By Lucia Mutikani
WASHINGTON (Reuters) -U.S. manufacturing contracted for an eighth straight month in October as new orders remained subdued, and suppliers were taking longer to deliver materials to factories
against the backdrop of tariffs on imported goods.
The Institute for Supply Management (ISM) said on Monday its manufacturing PMI fell to 48.7 last month from 49.1 in September. A reading below 50 indicates contraction in manufacturing, which accounts for 10.1% of the economy.
Still, the PMI remained above 42.3, a level that the ISM said over time was consistent with an expansion of the overall economy.
Economists polled by Reuters had forecast the PMI edging up to 49.5. A month-long shutdown of the U.S. government is, however, making it difficult to get a good read of the economy. The shutdown, on track to be the longest on record, has caused a government economic data blackout.

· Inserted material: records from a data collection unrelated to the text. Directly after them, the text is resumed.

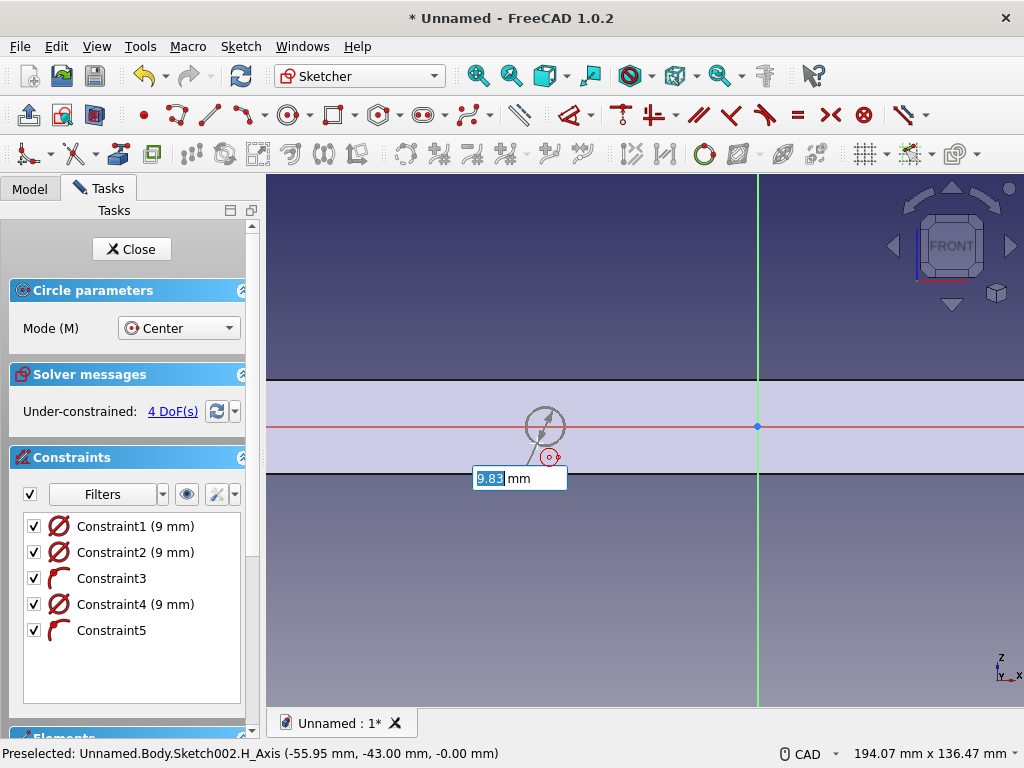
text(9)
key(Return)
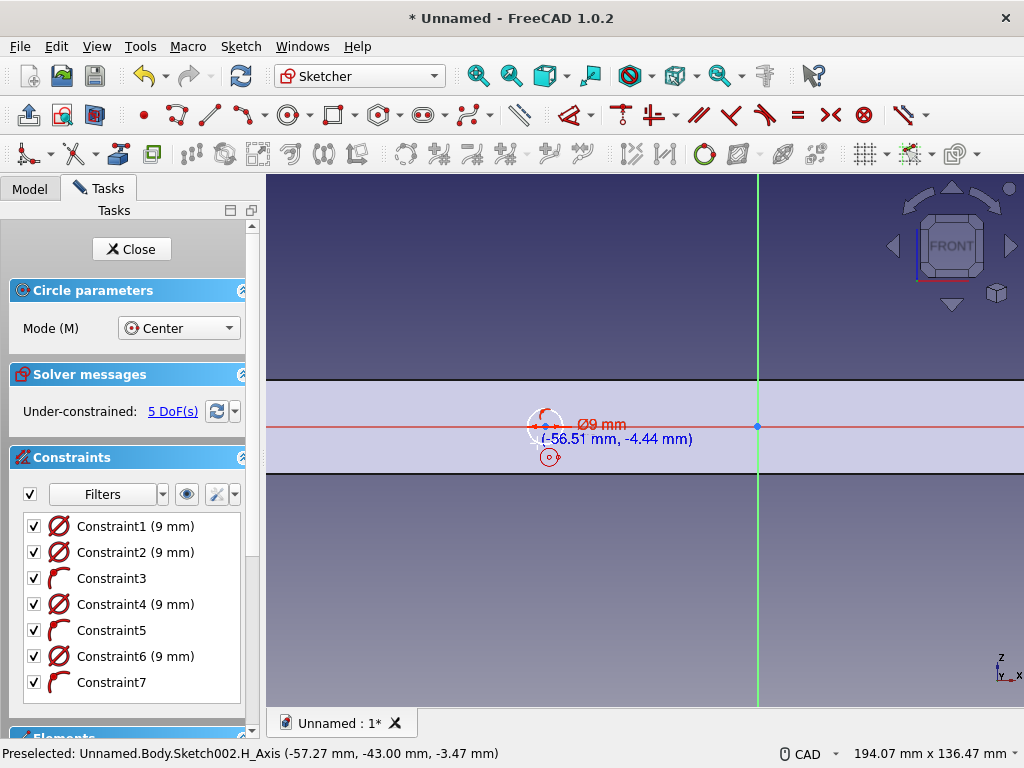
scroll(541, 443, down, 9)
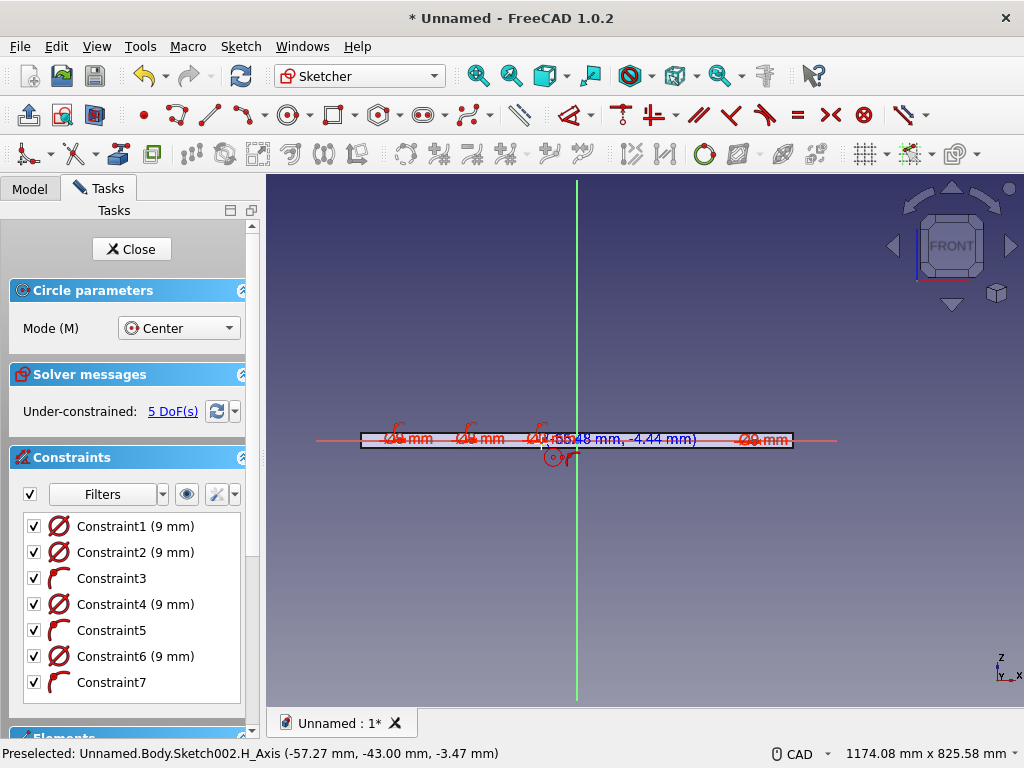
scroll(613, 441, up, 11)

Prior to the shutdown, the economy appeared to be on solid footing for much of the third quarter, spurred by consumer spending and to some extent business investment in artificial intelligence. But the shutdown could undercut consumer spending as food aid for nearly 42 million people lapsed on Saturday.
Consumer spending is mostly being driven by high-income households, who are the biggest beneficiaries of a stock market rally, economists said.
The ISM survey's forward-looking new orders sub-index increased to a still-depressed 49.4 last month from 48.9 in September. This measure has contracted in eight of the last nine months.
TARIFFS ARE CONSTRAINING PRODUCTION AT FACTORIES
Backlog orders remained subdued as did export orders.
Production was weak after briefly rebounding in September. Manufacturers have cited tariffs as a major constraint.
The U.S. Supreme Court will on Wednesday hear arguments on the legality of President Donald Trump's sweeping import duties. Trump has defended the tariffs as necessary to protect domestic manufacturing, though economists have argued it is impossible to restore the industry to its former glory because of structural issues, including worker shortages.
Tariffs are gumming up supply chains, resulting in longer delivery times to factories. The ISM survey's supplier deliveries index increased to 54.2 from 52.6 in September. A reading above 50 indicates slower deliveries.
Factories continued to pay more for inputs, though the pace of price increases moderated. The survey's prices paid measure eased to a still-high 58.0 from 61.9 in the prior month.
That would support some economists' views that the hit to inflation from tariffs could be a one-time boost to the price level.
Factory employment remained weak. The ISM has noted that "layoffs and not filling open positions remain the main headcount management strategies."